When you’re constantly immersed in your own brand, it’s easy to miss aspects of your brand positioning. An outside perspective can evaluate aspects of your current brand elements in a more objective way than people who live and breathe that brand every day.
Go Beyond Visual Identity
Keep in mind that branding is about more than looks. While updating your logo or other visual elements may be necessary parts of the brand refresh strategy, don’t ignore the language you’re using in brand messaging. Does your tagline resonate with modern consumers at the same level it resonated with previous generations?
Are you delivering your marketing copy in a brand voice that appeals to your target audience? It’s essential to consider more than only your visual identity as part of the brand refresh process.

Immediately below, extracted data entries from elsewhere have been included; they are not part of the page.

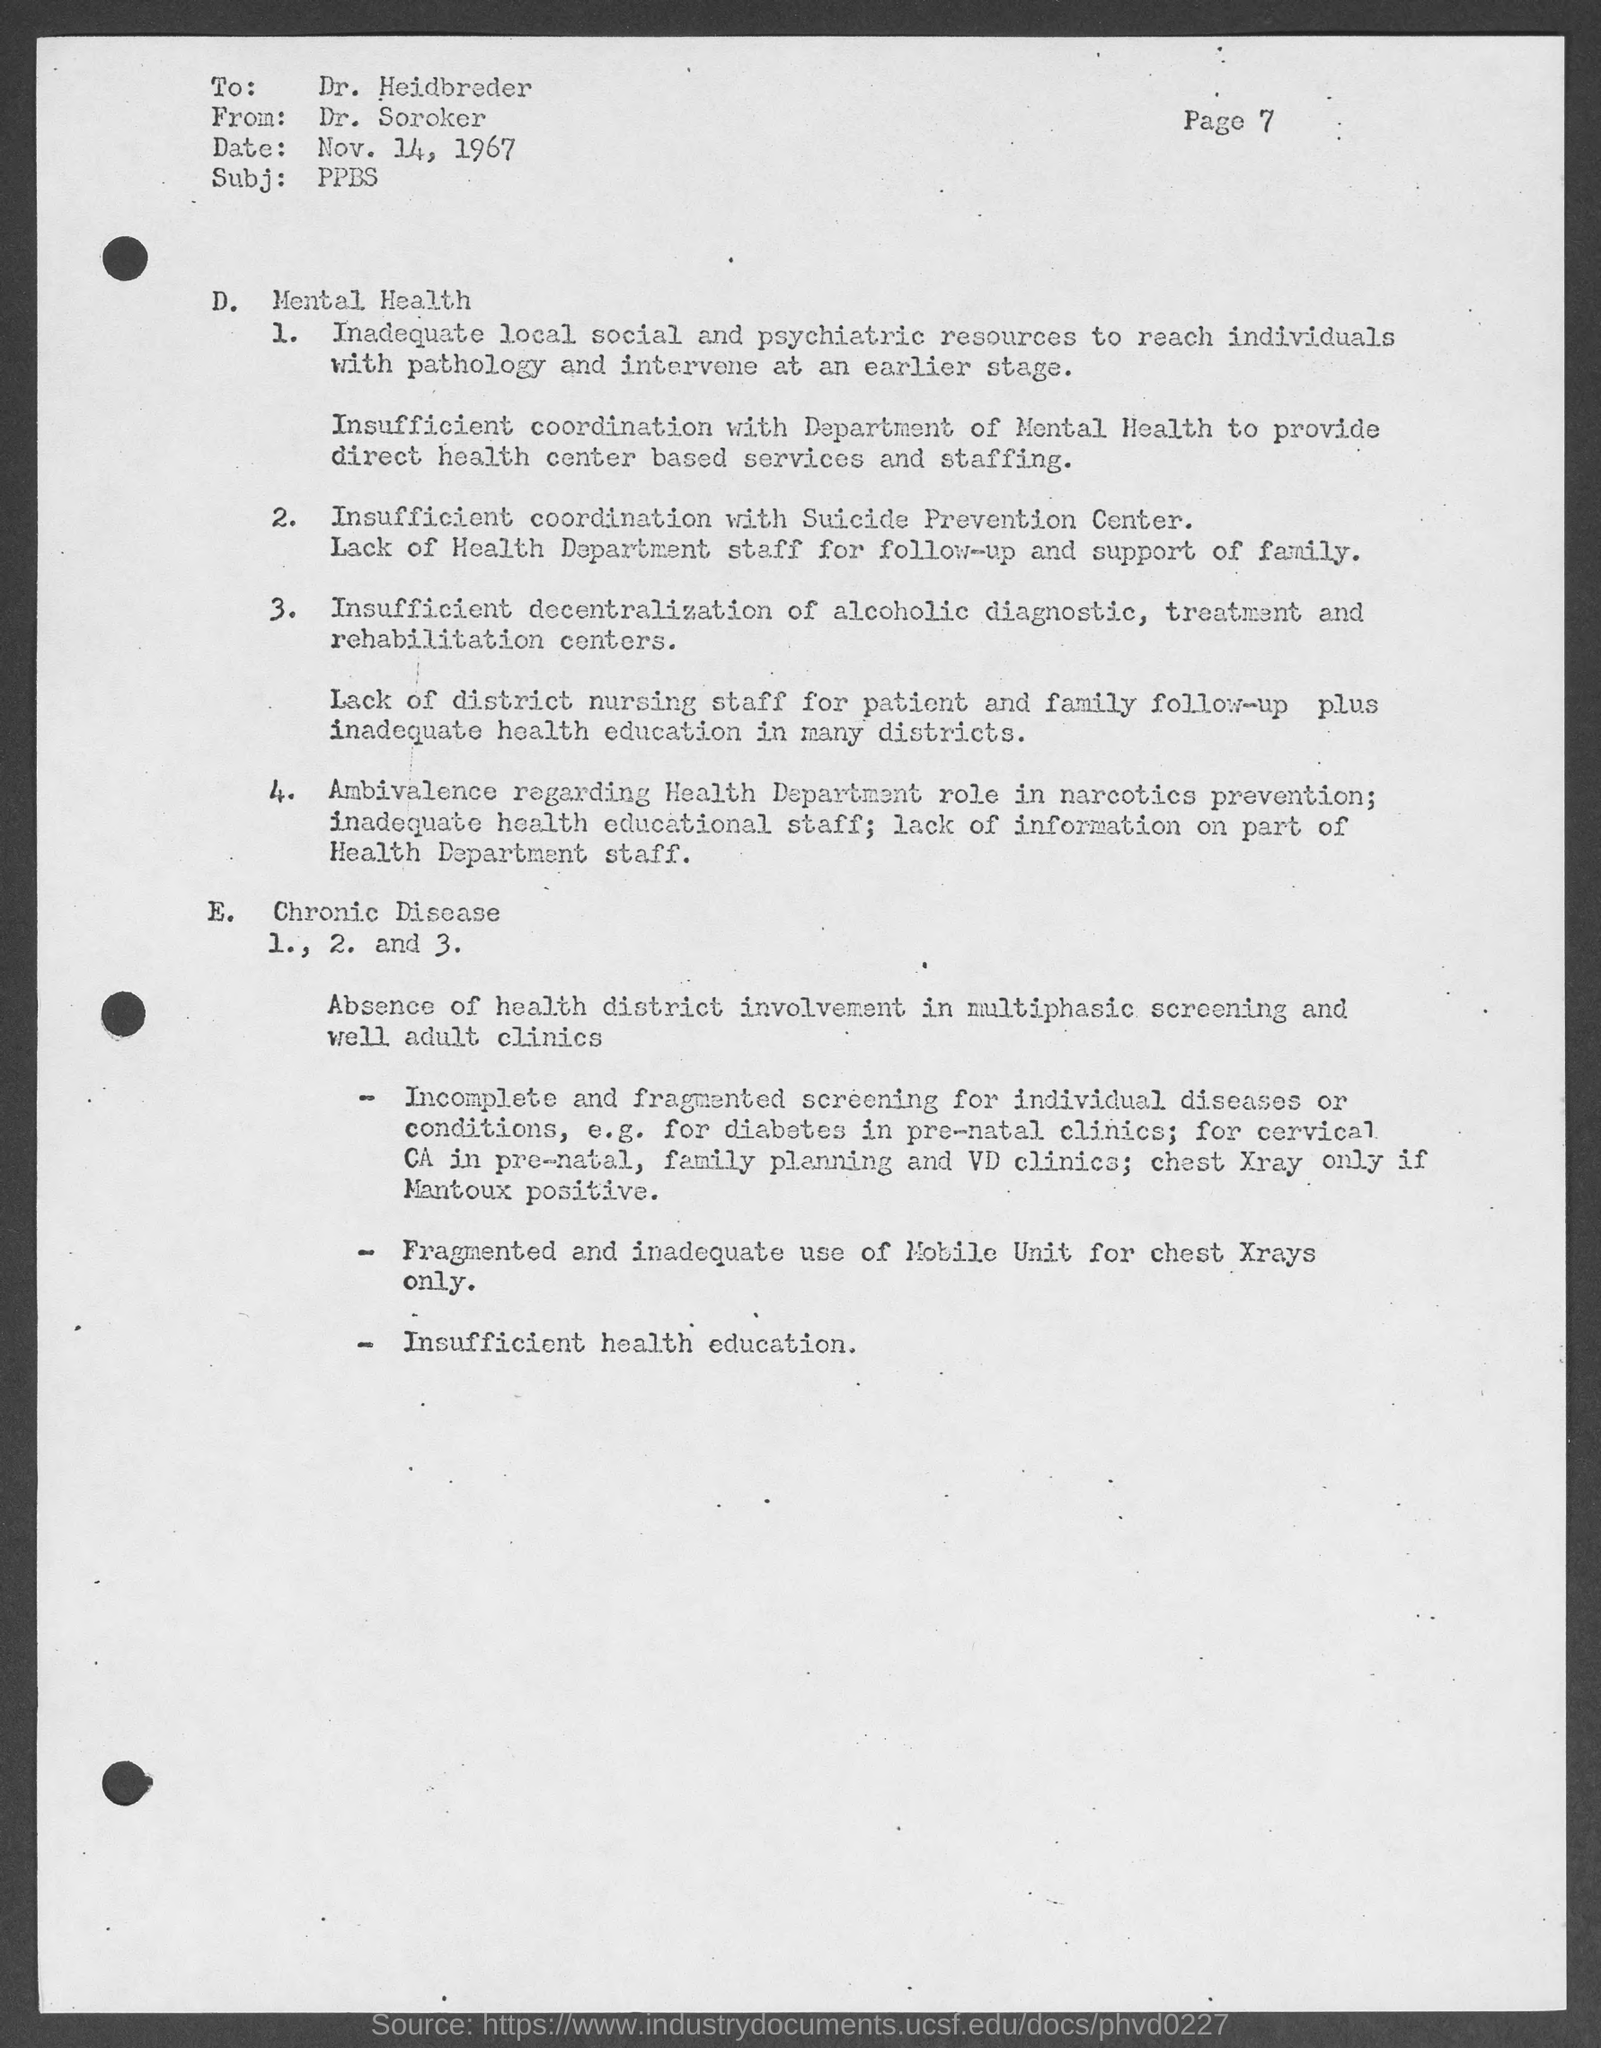What is the date mentioned in this document?
Offer a terse response. Nov. 14, 1967. Who is the sender of this document?
Your response must be concise. Dr. Soroker. What is the Subject mentioned in this document?
Provide a short and direct response. PPBS. Who is the receiver of this document?
Offer a very short reply. Dr. Heidbreder. 
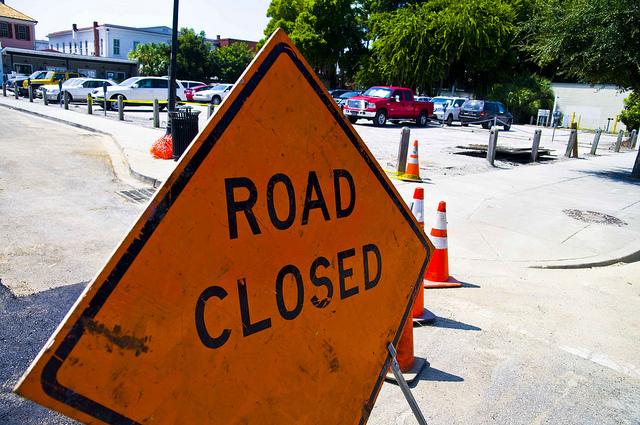Do you think we should drive on this road?
Quick response, please. No. What does the orange sign read?
Quick response, please. Road closed. Are there construction workers on the road?
Quick response, please. No. 
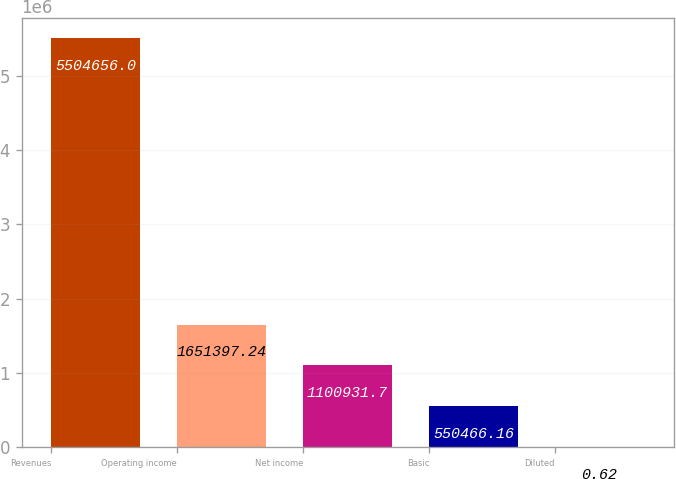<chart> <loc_0><loc_0><loc_500><loc_500><bar_chart><fcel>Revenues<fcel>Operating income<fcel>Net income<fcel>Basic<fcel>Diluted<nl><fcel>5.50466e+06<fcel>1.6514e+06<fcel>1.10093e+06<fcel>550466<fcel>0.62<nl></chart> 
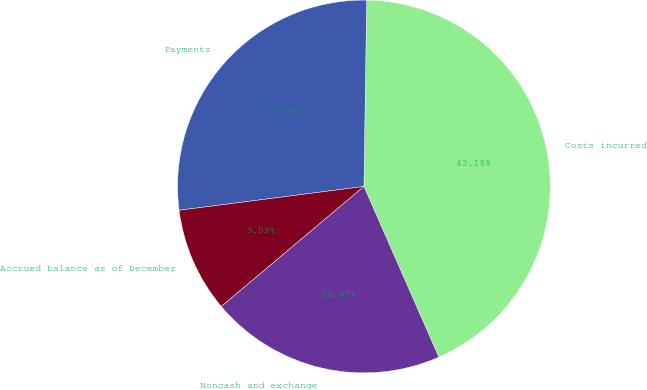Convert chart to OTSL. <chart><loc_0><loc_0><loc_500><loc_500><pie_chart><fcel>Costs incurred<fcel>Payments<fcel>Accrued balance as of December<fcel>Noncash and exchange<nl><fcel>43.18%<fcel>27.27%<fcel>9.09%<fcel>20.45%<nl></chart> 
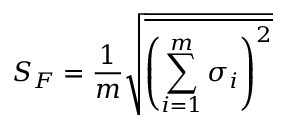Convert formula to latex. <formula><loc_0><loc_0><loc_500><loc_500>S _ { F } = \frac { 1 } { m } \sqrt { \overline { { { \left ( \sum _ { i = 1 } ^ { m } \sigma _ { i } \right ) } ^ { 2 } } } }</formula> 
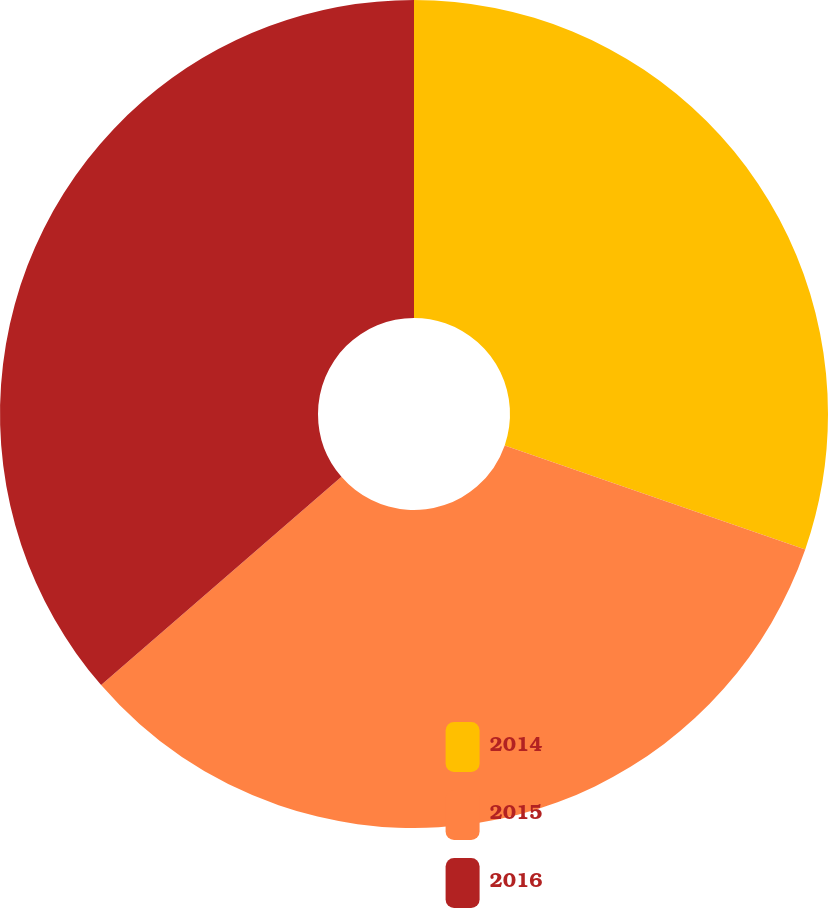Convert chart. <chart><loc_0><loc_0><loc_500><loc_500><pie_chart><fcel>2014<fcel>2015<fcel>2016<nl><fcel>30.3%<fcel>33.33%<fcel>36.36%<nl></chart> 
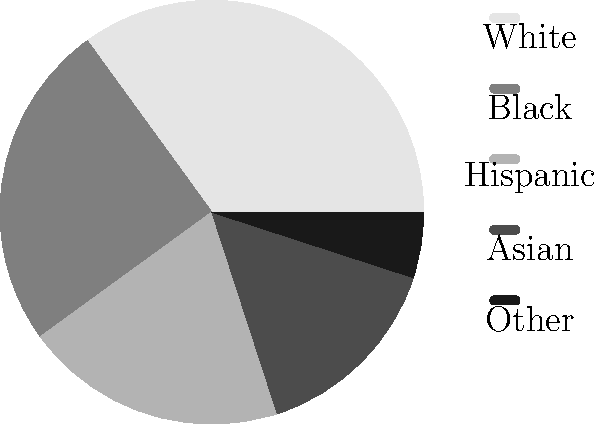As a radio broadcaster focusing on community stories, you've interviewed 200 people for a series on local experiences. The pie chart represents the demographic breakdown of your interviewees. If you aim to make your next 50 interviews more representative of the local population, which is 40% White, 30% Black, 20% Hispanic, 8% Asian, and 2% Other, how many interviewees from the Hispanic community should you include to reach this goal? To solve this problem, we need to follow these steps:

1. Calculate the current number of interviewees for each demographic:
   White: 35% of 200 = 70
   Black: 25% of 200 = 50
   Hispanic: 20% of 200 = 40
   Asian: 15% of 200 = 30
   Other: 5% of 200 = 10

2. Calculate the target number for each demographic after 50 more interviews (250 total):
   White: 40% of 250 = 100
   Black: 30% of 250 = 75
   Hispanic: 20% of 250 = 50
   Asian: 8% of 250 = 20
   Other: 2% of 250 = 5

3. Calculate the difference between the target and current numbers for Hispanic interviewees:
   Target Hispanic: 50
   Current Hispanic: 40
   Difference: 50 - 40 = 10

Therefore, to reach the goal of 20% Hispanic representation in the total 250 interviews, you should include 10 Hispanic interviewees in your next 50 interviews.
Answer: 10

Successful Brand Refresh Examples
Coca-Cola, Mastercard, Starbucks, Dunkin

The world’s most iconic brands have learned the value of staying fresh, and strategically revamping their image through careful re-branding. Coca-Cola occasionally updates its logo while maintaining its classic scripted font. They never veer too far from their original logo, though. This is in stark contrast to their main competitor Pepsi, which has reinvented its look several times. This difference has helped Coke maintain its competitive edge with its image as the “classic” cola brand.
Mastercard and Starbucks are prime examples of brands that have refreshed their visual identity over the years with an increasing focus on simplicity and modernity. In both cases, these companies benefited from a long history and plenty of brand equity. This allowed both brands to lean toward more contemporary minimalism while remaining completely recognizable to consumers. As with Coca-Cola, changes were never too drastic. These logos evolved to where they are now, avoiding unnecessary confusion with their existing customers.

We wrote a whole Rebrand Roundup case study on Dunkin’s success in dropping the “Donuts” from their name. Yes, this one straddled the line between refresh and rebrand, as they changed the company name yet maintained a good deal of the existing visual identity and other brand elements. Dunkin’ also leaned into enhancing its brand personality in a way that didn’t alienate long-term customers. Either way, Dunkin’ recognized shifts in the current marketplace and made targeted changes to reach a new market without sacrificing existing brand equity.
These brand refresh examples demonstrate that need a completely new logo may not be necessary to reach new audiences. Sometimes all it takes is minor changes to breathe new life into a well-known brand.
Beware of Trend-Hopping with Your Brand Identity
Sometimes a once-great brand is feeling stale. Younger consumers stay away, thinking “This is my grandfather’s (fill in the blank).” Taking into account changing consumer values is important. But avoid the temptation of hopping on the latest branding bandwagon (brandwagon?).
Rebranding and even refreshing an existing brand can be an expensive process. Is it worth updating your look every few years to keep up with fads that come and go? Not only is there a monetary cost, but constantly reinventing your brand hurts brand equity.
For one, customers will have to be reintroduced to your brand frequently, diminishing loyalty. Further, you’ll be seen as a company that lacks focus, always running toward the shiny new object rather than delivering the reliability customers expect.
Aiming for a fresh new look doesn’t mean riding trends at the expense of building a lasting brand identity.

Wrap-Up
Refreshing your current brand identity can be an effective way to stay competitive in the marketplace and connect with new customers. However, it’s important to remember that brand refreshes should focus on maintaining brand equity rather than hopping on fads or trends.
With careful research, strategic changes, and expert consultation you can create a refreshed brand identity that is both modern and recognizable. Most importantly, it will stay true to your existing brand’s core elements.